(What to work on) Repeat the records below exactly, leaving out any pictures.

##### Provided information #####

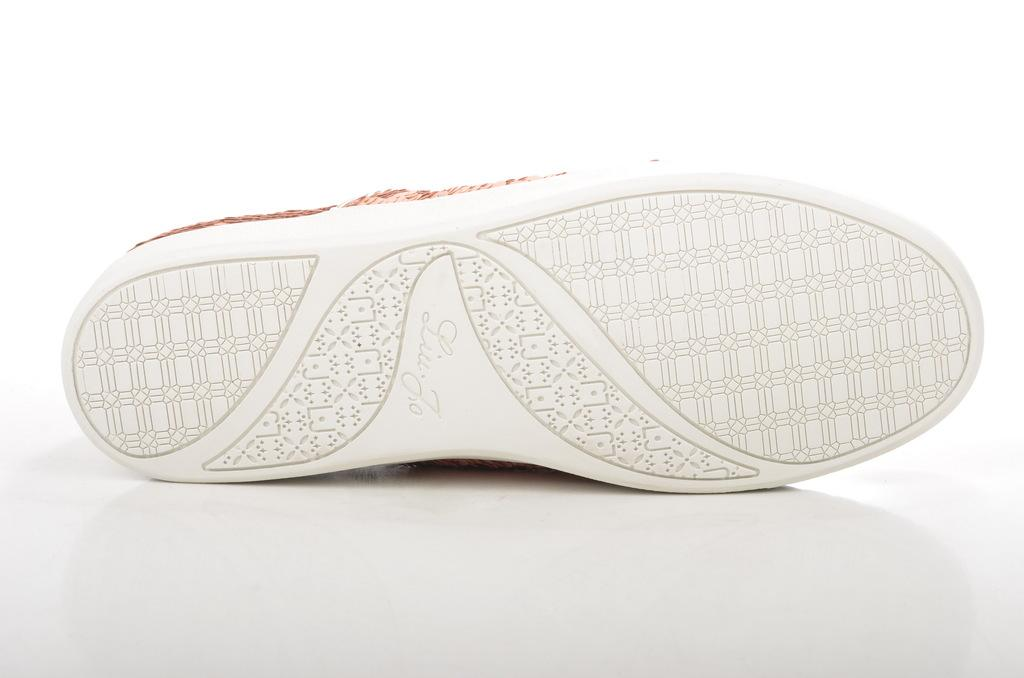What object is the main subject of the image? There is a shoe in the image. What colors can be seen on the shoe? The shoe is white and brown in color. Are there any words or symbols on the shoe? Yes, there is writing on the shoe. What is the shoe placed on in the image? The shoe is on a white surface. What type of soup is being prepared in the image? There is no soup present in the image; it features a shoe on a white surface. How is the whip being used in the image? There is no whip present in the image; it only shows a shoe with writing on it. 
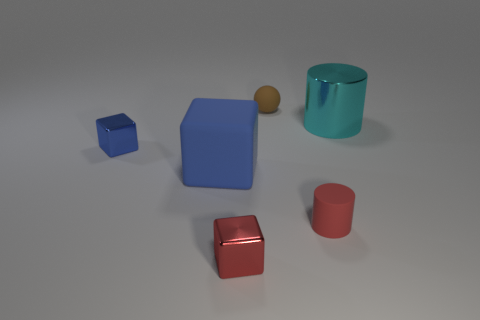Subtract all big cubes. How many cubes are left? 2 Add 1 gray shiny spheres. How many objects exist? 7 Subtract 1 blocks. How many blocks are left? 2 Subtract all red cubes. How many cubes are left? 2 Subtract all balls. How many objects are left? 5 Subtract all brown blocks. Subtract all blue balls. How many blocks are left? 3 Subtract all blue cylinders. How many gray balls are left? 0 Subtract all matte spheres. Subtract all red cylinders. How many objects are left? 4 Add 2 rubber balls. How many rubber balls are left? 3 Add 4 tiny shiny objects. How many tiny shiny objects exist? 6 
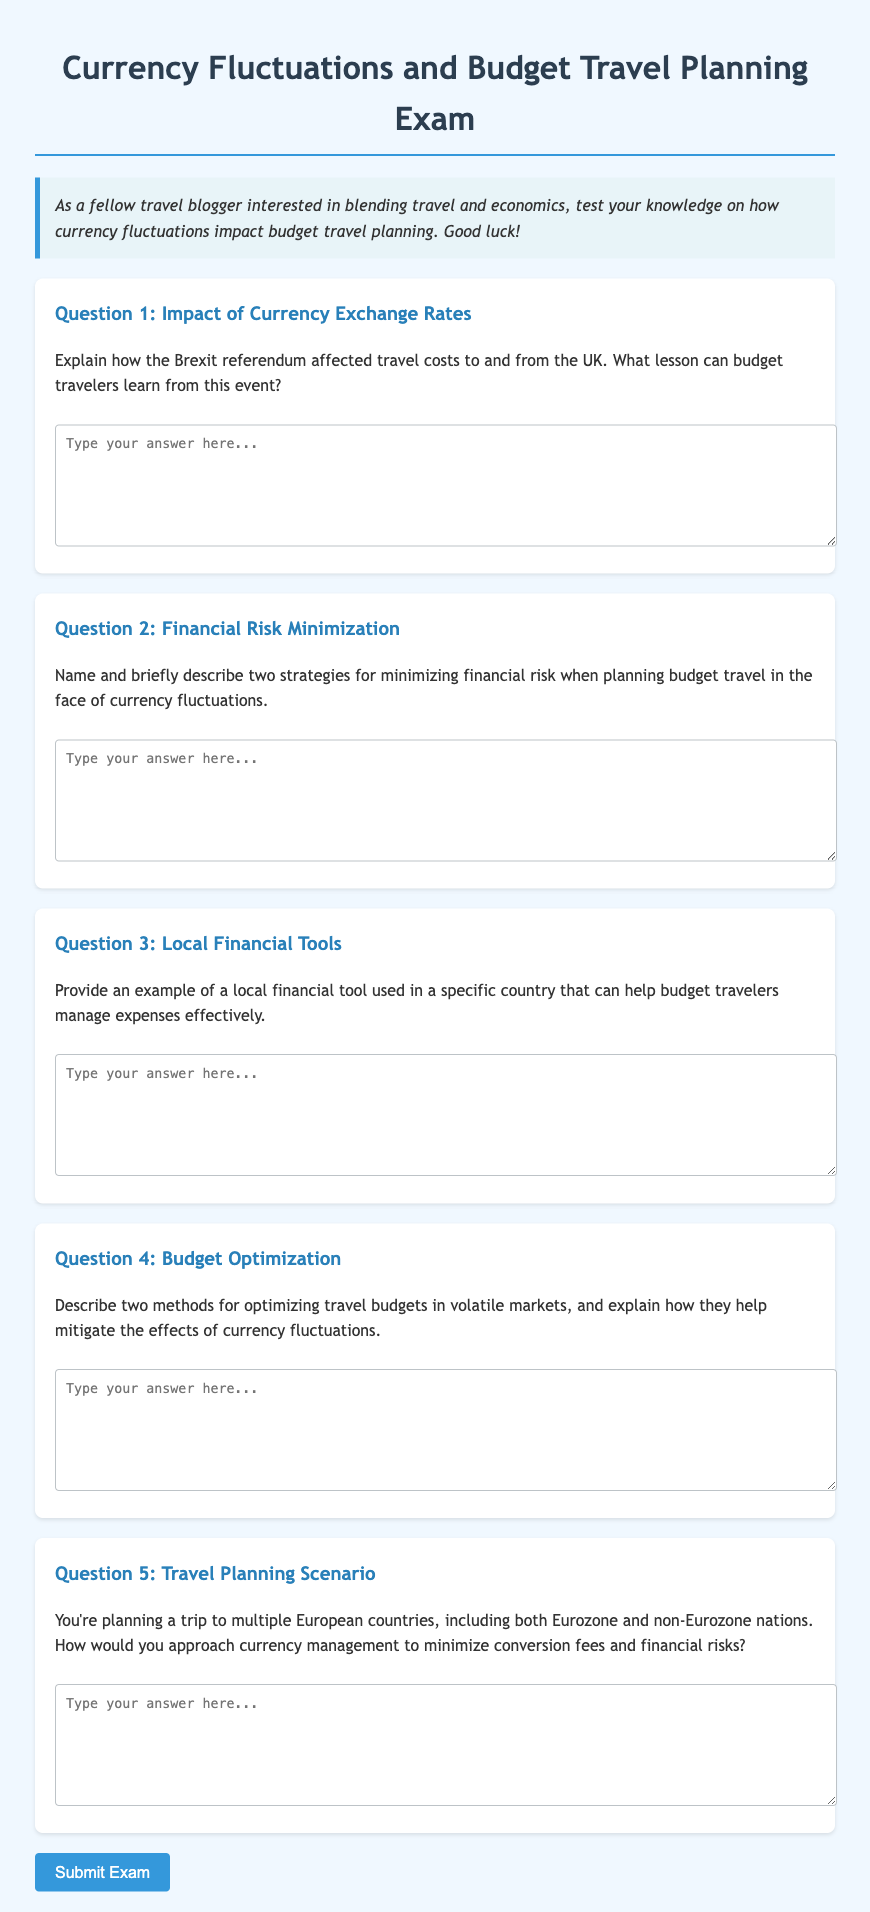What is the title of the exam? The title of the exam is stated at the top of the document.
Answer: Currency Fluctuations and Budget Travel Planning Exam How many questions are included in the exam? The document lists five distinct questions for the exam.
Answer: 5 What is one specific event mentioned that affected travel costs to and from the UK? The first question refers to a historical event that impacted exchange rates and costs.
Answer: Brexit referendum Name one strategy for minimizing financial risk in budget travel. The second question asks for strategies that deal with financial risk in travel planning.
Answer: Specific strategy is not provided, but it asks for two What type of example is requested in Question 3? The third question specifies the type of financial tool that budget travelers can use in a local context.
Answer: Local financial tool Which market conditions are being addressed in relation to budgeting? The fourth question refers to specific economic situations that may vary and impact travel budgets.
Answer: Volatile markets In what scenario are travelers advised to manage currency? The fifth question describes a situation where travelers may need to consider multiple currencies.
Answer: Trip to multiple European countries What is the purpose of the “Submit Exam” button? The button at the bottom of the document serves a clear action related to the exam process.
Answer: To submit answers

#####

(Written answer)
What object is the main subject of the image? There is a shoe in the image. What colors can be seen on the shoe? The shoe is white and brown in color. Are there any words or symbols on the shoe? Yes, there is writing on the shoe. What is the shoe placed on in the image? The shoe is on a white surface. What type of soup is being prepared in the image? There is no soup present in the image; it features a shoe on a white surface. How is the whip being used in the image? There is no whip present in the image; it only shows a shoe with writing on it. 
Subtract all big cubes. How many cubes are left? 2 Add 1 gray shiny spheres. How many objects exist? 7 Subtract 1 blocks. How many blocks are left? 2 Subtract all red cubes. How many cubes are left? 2 Subtract all balls. How many objects are left? 5 Subtract all brown blocks. Subtract all blue balls. How many blocks are left? 3 Subtract all blue cylinders. How many gray balls are left? 0 Subtract all matte spheres. Subtract all red cylinders. How many objects are left? 4 Add 2 rubber balls. How many rubber balls are left? 3 Add 4 tiny shiny objects. How many tiny shiny objects exist? 6 
What is the title of the exam? The title of the exam is stated at the top of the document.
Answer: Currency Fluctuations and Budget Travel Planning Exam How many questions are included in the exam? The document lists five distinct questions for the exam.
Answer: 5 What is one specific event mentioned that affected travel costs to and from the UK? The first question refers to a historical event that impacted exchange rates and costs.
Answer: Brexit referendum Name one strategy for minimizing financial risk in budget travel. The second question asks for strategies that deal with financial risk in travel planning.
Answer: Specific strategy is not provided, but it asks for two What type of example is requested in Question 3? The third question specifies the type of financial tool that budget travelers can use in a local context.
Answer: Local financial tool Which market conditions are being addressed in relation to budgeting? The fourth question refers to specific economic situations that may vary and impact travel budgets.
Answer: Volatile markets In what scenario are travelers advised to manage currency? The fifth question describes a situation where travelers may need to consider multiple currencies.
Answer: Trip to multiple European countries What is the purpose of the “Submit Exam” button? The button at the bottom of the document serves a clear action related to the exam process.
Answer: To submit answers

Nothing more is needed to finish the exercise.